Windermere is the codename for the SoC present in the 5mx. The Series 5 is based off the Cirrus Logic CL-PS7110 SoC, which has a full datasheet available (a glorious bounty of information!), but we don't have a ROM dump for it, so emulating it is futile right now.

I didn't want to poke a dead mailing list asking for a document that I might not even be allowed to have - I am not, after all, a Linux developer - so I decided to do my own research. We don't have a copy of that mysterious Boot EEPROM, and we don't know what the "Boot Flash" is, so let's just look at the Windermere/5mx ROM we do have and see what we can learn.

Disassembling the ROM

I threw Sys$rom.bin into IDA with the "Manual load" option and mapped it in at address 0x50000000, which immediately got me a lot of functions and valid pointers - always a good sign. The ROM is organised into a filesystem structure which is quite easy to walk; I wrote a simple IDAPython script to name every file and the different portions of the executable headers.

This got me a fair bit of insight into how the ROM is organised. There is a header at offset 0x80. System\Libs\EKern.exe file begins at offset 0x1120. Everything between those two components appears to form the 'bootstrap' code that sets up the system and eventually jumps to the EKern entry point.

I faffed about for a while trying to piece together what was going on, as if I tried to execute code from the ROM mapped at 0x50000000, it would make invalid accesses and everything would fall apart. Seemingly, I needed some kind of pre-existing setup to be in place... or did I?

It turns out I was just misunderstanding the way everything went together. It's easy to be misled because of how certain addresses mean different things depending on whether the MMU is on or off - for example, 0x80000404 can map to either the PWRCNT register, or to an address in kernel data memory.

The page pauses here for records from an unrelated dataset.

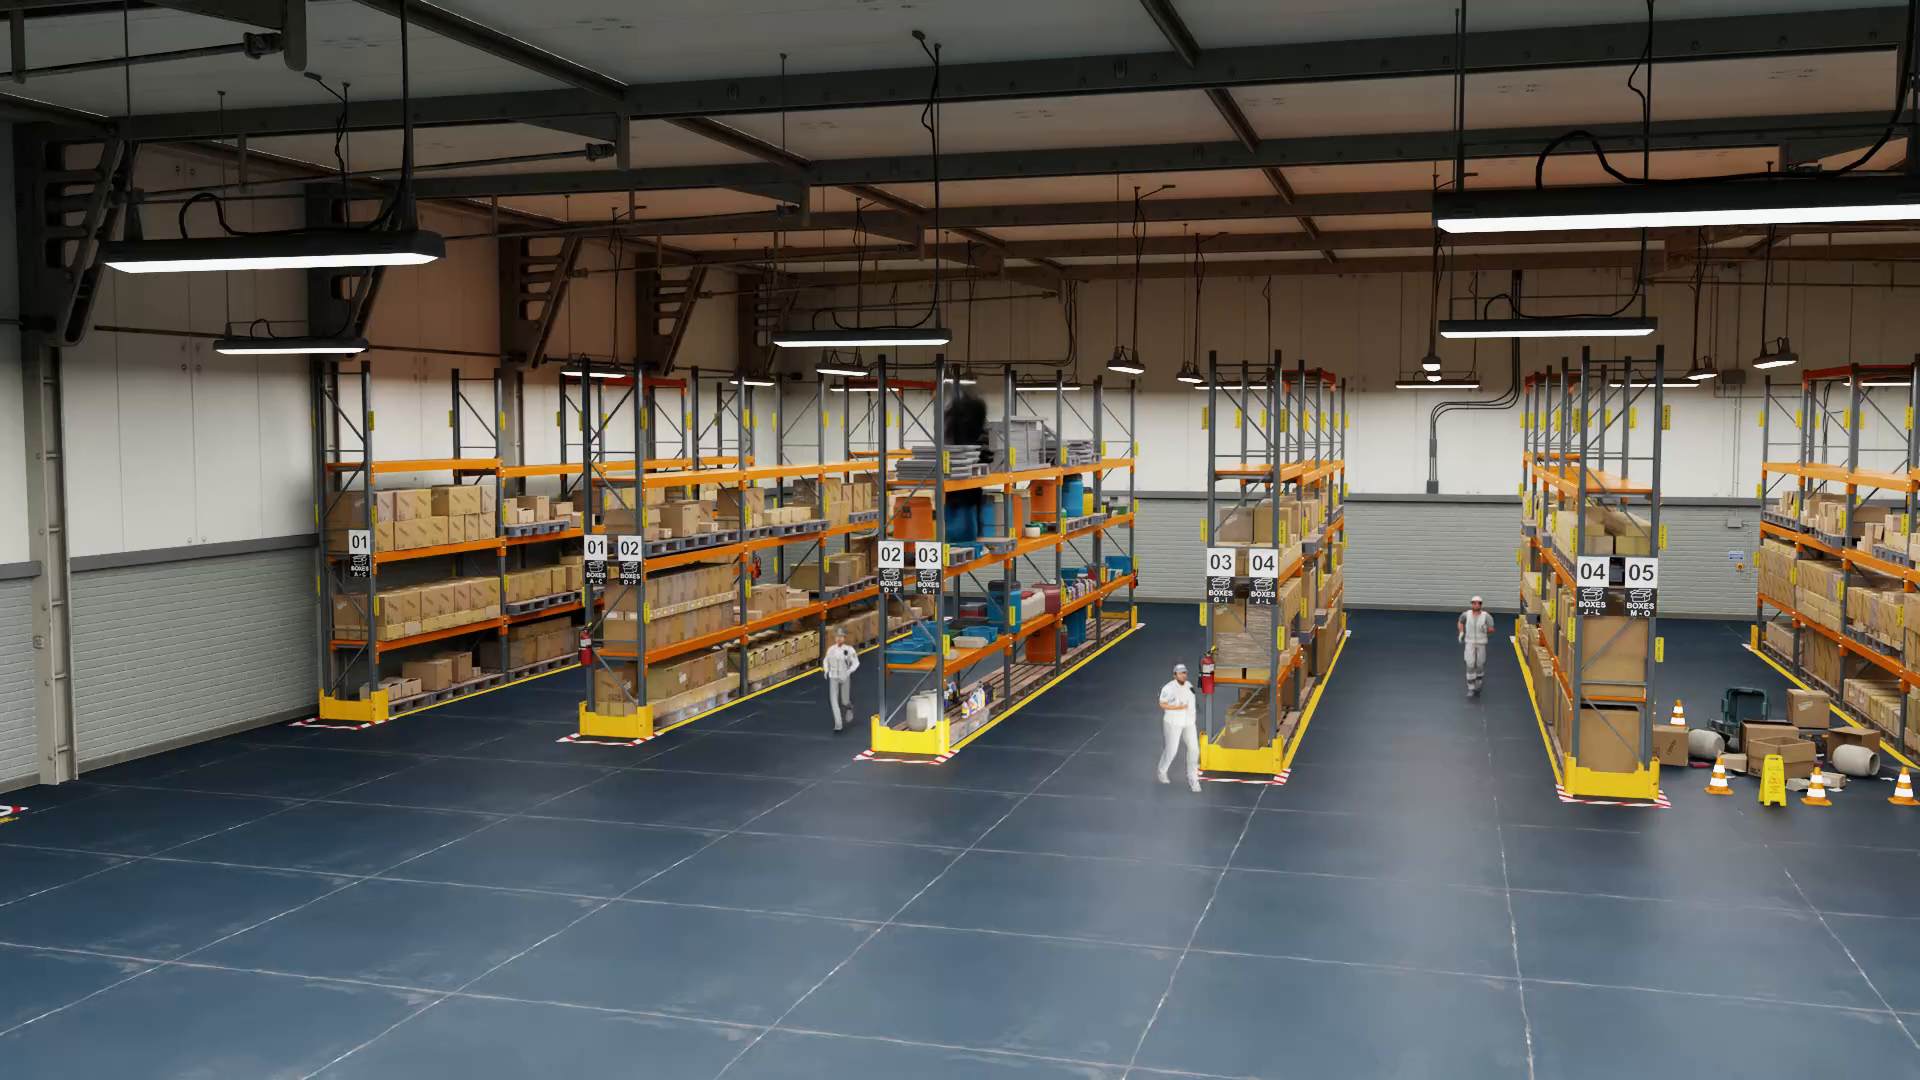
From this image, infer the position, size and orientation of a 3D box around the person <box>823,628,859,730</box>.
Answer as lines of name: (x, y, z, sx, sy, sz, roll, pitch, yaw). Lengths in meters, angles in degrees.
person: (-1.949, 2.245, 27.037, 0.615, 1.647, 0.548, 1, 4, 9)

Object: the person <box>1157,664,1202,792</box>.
person: (2.982, 2.550, 22.704, 0.606, 1.727, 0.762, -2, 4, -22)

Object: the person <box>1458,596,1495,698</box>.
person: (9.424, 1.930, 30.378, 0.640, 1.824, 0.791, 1, 4, 18)
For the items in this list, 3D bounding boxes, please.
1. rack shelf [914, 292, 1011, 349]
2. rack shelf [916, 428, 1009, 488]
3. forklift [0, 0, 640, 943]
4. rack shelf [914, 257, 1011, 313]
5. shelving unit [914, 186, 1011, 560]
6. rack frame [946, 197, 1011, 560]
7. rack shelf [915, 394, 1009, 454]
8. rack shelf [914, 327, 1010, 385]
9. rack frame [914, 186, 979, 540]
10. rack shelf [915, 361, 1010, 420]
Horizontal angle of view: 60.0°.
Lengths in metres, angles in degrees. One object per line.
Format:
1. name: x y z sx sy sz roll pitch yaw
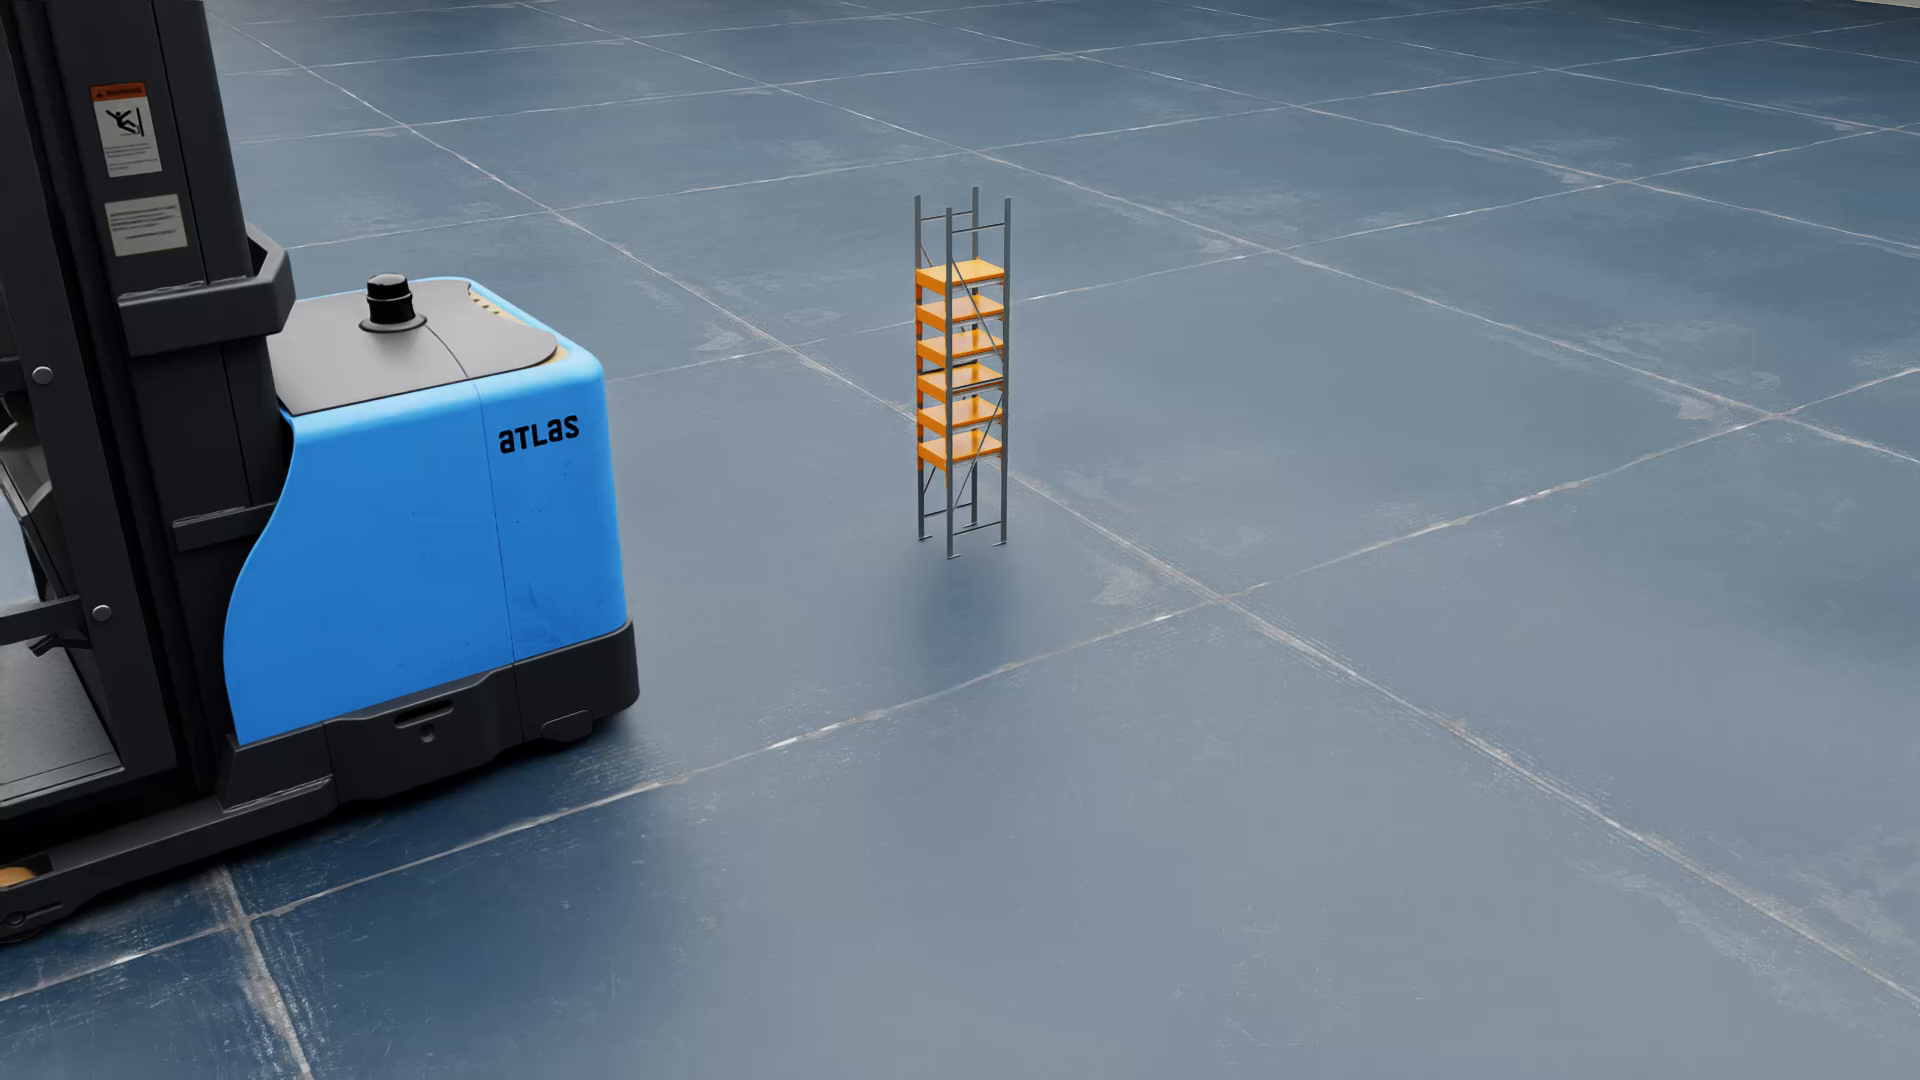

Similarly, while most of the ROM expects to execute while mapped at 0x50000000, Windermere actually maps it at address 0x00000000, and the bootstrap code expects to execute in that context.

The EPOC Boot Sequence

Here are the steps involved in booting the OS using the first function (I haven't yet investigated the second, jumped to by the vector at offset 0004), annotated with addresses from the English 5mx ROM:

Understanding this was fundamental in learning how the kernel did things, what hardware I needed to map where, and where I had issues in my emulator's implementation.

As it turns out, I didn't actually need any special setup other than the basic mapping - ROM at 0x00000000, RAM at 0xC0000000, and registers mapped as appropriate.

I don't know precisely what the second version of the boot code does - I've yet to test it! - but I suspect it may relate to the boot process used on the 5mx Pro whereby the OS is actually located in a separate region of RAM and not in a ROM chip.

A Basic Emulator

I waffled a bit on where to begin with actually running the 5mx's code, as it runs a fairly old ARM variant. I originally assumed it was an ARM710a (which, notably, does not have THUMB!) but later realised I'd missed one important fact: while the Series 5 has a 710a, the Series 5mx has a 710T, which adds THUMB, some more multiplication instructions, and slightly changes the way that ARM coprocessor 15 works.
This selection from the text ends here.